The Training State: A Review of “Skills Policy in Britain and the Future of Work”
- LEI

- 3 hours ago
- 4 min read
Tom Bewick has recently published a book which is a major contribution to the literature on the UK’s Skills Policy, entitled “Skills Policy in Britain and the Future of Work” (Bristol University Press, 2025). Tom, who is currently Visiting Professor of Skills and Workforce Policy at the University of Staffordshire, has held a variety of leadership roles in the skills sector and was an adviser to the Labour Government from 1997 to 2001, so is very well placed to tell a long and a complex story. Given the tectonic shifts in policy we’re all currently experiencing, his book couldn’t be more timely.
The book’s subtitle is “A Historical-Political Analysis”, and although it is organised as a historical narrative, its great strength is its in-depth analysis of the various ideologies, theories and political perspectives that lie behind successive governments’ policies in this area. Taking as his starting point the 1881-84 Royal Commission on Technical Instruction – described in the book as the point from which “the British state …began to take workforce competitiveness and individual skills development seriously” (p14),Tom takes us through five historical phases, which he describes as five “training states”.

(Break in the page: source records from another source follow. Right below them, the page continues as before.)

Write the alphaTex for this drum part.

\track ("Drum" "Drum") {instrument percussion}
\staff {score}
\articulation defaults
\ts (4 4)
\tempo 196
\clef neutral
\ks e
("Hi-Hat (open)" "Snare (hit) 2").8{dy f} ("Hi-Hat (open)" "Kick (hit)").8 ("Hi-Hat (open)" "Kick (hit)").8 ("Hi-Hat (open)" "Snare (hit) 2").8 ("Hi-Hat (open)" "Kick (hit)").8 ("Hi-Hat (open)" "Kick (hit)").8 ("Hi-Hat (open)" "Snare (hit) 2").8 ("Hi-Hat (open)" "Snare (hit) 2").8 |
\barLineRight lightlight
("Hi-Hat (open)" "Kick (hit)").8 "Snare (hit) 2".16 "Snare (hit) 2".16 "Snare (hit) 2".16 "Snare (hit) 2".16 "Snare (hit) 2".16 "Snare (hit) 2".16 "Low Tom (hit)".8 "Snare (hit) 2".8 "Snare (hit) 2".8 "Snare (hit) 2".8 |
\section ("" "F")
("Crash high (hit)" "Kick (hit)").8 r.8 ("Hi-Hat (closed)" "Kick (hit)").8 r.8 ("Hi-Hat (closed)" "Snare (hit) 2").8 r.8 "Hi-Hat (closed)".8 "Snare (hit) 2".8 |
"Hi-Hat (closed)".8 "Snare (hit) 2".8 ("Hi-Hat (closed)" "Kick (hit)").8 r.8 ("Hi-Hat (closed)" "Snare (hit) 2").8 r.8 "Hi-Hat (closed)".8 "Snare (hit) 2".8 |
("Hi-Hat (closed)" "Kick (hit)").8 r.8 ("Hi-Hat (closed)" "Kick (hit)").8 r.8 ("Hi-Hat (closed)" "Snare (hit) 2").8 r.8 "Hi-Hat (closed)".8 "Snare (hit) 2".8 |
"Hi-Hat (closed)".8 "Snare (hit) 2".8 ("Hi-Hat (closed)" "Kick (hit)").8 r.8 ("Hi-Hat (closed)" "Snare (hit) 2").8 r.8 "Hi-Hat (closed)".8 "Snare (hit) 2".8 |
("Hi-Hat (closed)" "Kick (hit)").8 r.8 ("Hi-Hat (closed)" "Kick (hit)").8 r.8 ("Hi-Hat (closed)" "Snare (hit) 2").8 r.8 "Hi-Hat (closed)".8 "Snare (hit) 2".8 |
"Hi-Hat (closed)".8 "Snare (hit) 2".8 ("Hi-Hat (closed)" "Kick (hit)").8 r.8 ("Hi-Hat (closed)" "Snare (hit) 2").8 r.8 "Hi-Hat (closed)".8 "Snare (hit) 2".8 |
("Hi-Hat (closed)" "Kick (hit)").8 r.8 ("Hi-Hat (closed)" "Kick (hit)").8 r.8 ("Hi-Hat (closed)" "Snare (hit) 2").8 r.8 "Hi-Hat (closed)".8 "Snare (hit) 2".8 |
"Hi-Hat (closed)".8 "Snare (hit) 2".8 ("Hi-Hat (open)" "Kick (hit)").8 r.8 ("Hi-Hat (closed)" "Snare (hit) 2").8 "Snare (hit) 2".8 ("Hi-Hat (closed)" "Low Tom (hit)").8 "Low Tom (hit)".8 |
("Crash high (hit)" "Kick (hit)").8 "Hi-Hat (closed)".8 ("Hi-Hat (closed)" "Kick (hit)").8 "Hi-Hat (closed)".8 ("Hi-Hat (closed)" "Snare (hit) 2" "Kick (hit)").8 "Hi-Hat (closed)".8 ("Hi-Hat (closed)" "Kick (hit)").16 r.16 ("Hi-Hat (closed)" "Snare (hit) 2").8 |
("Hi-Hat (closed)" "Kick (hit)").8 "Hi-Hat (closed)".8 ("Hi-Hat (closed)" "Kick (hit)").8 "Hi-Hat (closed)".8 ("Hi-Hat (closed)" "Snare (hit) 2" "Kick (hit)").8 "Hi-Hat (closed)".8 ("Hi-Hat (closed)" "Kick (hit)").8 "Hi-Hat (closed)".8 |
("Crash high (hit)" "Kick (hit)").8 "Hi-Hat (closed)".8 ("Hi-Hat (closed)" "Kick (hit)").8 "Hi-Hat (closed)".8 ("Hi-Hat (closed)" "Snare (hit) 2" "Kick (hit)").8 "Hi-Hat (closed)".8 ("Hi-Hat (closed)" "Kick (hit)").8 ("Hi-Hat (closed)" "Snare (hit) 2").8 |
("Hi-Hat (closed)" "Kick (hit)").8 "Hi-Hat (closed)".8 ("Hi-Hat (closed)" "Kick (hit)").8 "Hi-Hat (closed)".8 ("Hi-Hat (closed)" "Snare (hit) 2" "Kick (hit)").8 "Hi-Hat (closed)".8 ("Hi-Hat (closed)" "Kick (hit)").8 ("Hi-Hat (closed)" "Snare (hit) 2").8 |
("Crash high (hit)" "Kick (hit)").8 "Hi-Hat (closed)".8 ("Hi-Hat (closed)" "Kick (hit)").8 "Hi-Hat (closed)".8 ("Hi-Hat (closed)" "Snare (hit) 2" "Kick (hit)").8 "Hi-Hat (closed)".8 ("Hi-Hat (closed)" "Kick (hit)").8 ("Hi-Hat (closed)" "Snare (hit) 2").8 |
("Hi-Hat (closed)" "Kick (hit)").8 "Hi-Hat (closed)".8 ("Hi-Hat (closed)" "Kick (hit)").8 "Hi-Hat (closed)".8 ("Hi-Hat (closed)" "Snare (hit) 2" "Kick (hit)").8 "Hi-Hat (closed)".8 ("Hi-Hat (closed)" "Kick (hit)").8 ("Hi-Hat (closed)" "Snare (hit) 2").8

The Incremental State (1881-1939) was characterised by philanthropy and Gladstonian liberalism, while the Interventionist State (1940-1979) applied Keynesian demand-side economics to the problem. This was followed by an increasing reliance on the idea of the skills sector as a market, although paradoxically this has been accompanied by increased bureaucratisation and centralisation, as we moved from a Laissez-faire State (1980-88), Localism and devolved states (1989-2010), and finally from 2011 onwards, to the Technocratic State, with which most of us are very familiar.
I’ll leave it to academic experts to debate the theoretical merits of this framework, but for the general reader it has the benefit of providing a clear set of themes to make sense of the busy and at times hyper-active history of skills policy initiatives, reports, reviews, White Papers, and legislation, that has led to an endlessly revolving door of government agencies, quangos and delivery structures.
The book is wide-ranging and full of fascinating details, but for me three themes stand out. First is what Tom calls Britain’s “very peculiar social class system”, leading to our “almost unique propensity to sift and sort people in a caste-like manner, usually via qualification funnelling mechanisms, into practical and professional trades” (p62). This has consistently militated against all attempts to design an education system that blends practical and academic modes of study, with the education of those seen as doing “brain work” being systematically more highly valued and far better resourced than technical and vocational training which is viewed as intrinsically inferior. Tom is very clear: “the false notion of there being some binary distinction to be drawn between the teaching of knowledge and skills is one of the fundamental errors of British education policy”(p61).
The current Government is having another go at dismantling the Berlin Wall between academic and vocational education, but once again the academic curriculum (GCSEs, A levels) will remain almost untouched while the vocational curriculum is put through yet another bout of reform.
The second theme is the growing dominance of neoliberalism and human capital theory in influencing policy. This has led to a strong regulatory central government presiding over a quasi-market of training providers who compete with each other for students and income. It also underlies the persistent tendency for businesses to be enlisted to develop and deliver national skills policy. Tom highlights what he labels “the technocratic takeover of FE”, (p204) through which the Department for Education tightly regulates the delivery of skills training courses, sets their prices, and decides which courses are eligible for public funding, rather than enabling student choice and employer demand to determine what is delivered. In Tom’s pithy words, “FE providers have been turned into local delivery arms of a centralised Training State”. To my mind there are clear signs that the HE sector is being pushed in this direction too.
The third theme is how ineffective government policy has been over the decades. We’ve still not got an education system that delivers the skills the country needs to be internationally competitive and prosperous. “Since 1881 the UK Parliament has passed 108 pieces of legislation to improve the nation’s skills. Forty of these interventions have occurred since 1997” Tom observes toward the end of the book (p250). Sadly we haven’t received a great deal of bang for all this buck. His plea to move beyond “the false dichotomy of state and market” towards a new paradigm in which we “empower and trust educators, employers and sub-national democratic entities” certainly resonates as we watch the emergence of Skills England, the new emphasis on collaboration rather than competition, and the accelerated pace of skills devolution. But while these are all promising moves, it’s far from clear that they will add up to a genuine shift away from the Technocratic State that is now dominant.
Whatever the rights and wrongs of Tom’s arguments, this is a must-read book for all those working in the Post-16 Education sector, including politicians and senior civil servants. It helps us to understand the context we’re now working in, to clarify our thinking in relation to current skills policy debates, and, crucially, to learn from a long history of mistakes and failed initiatives. It’s a welcome contribution from someone who is not just a theoretician, but has lived and worked for a long time in the landscape he describes.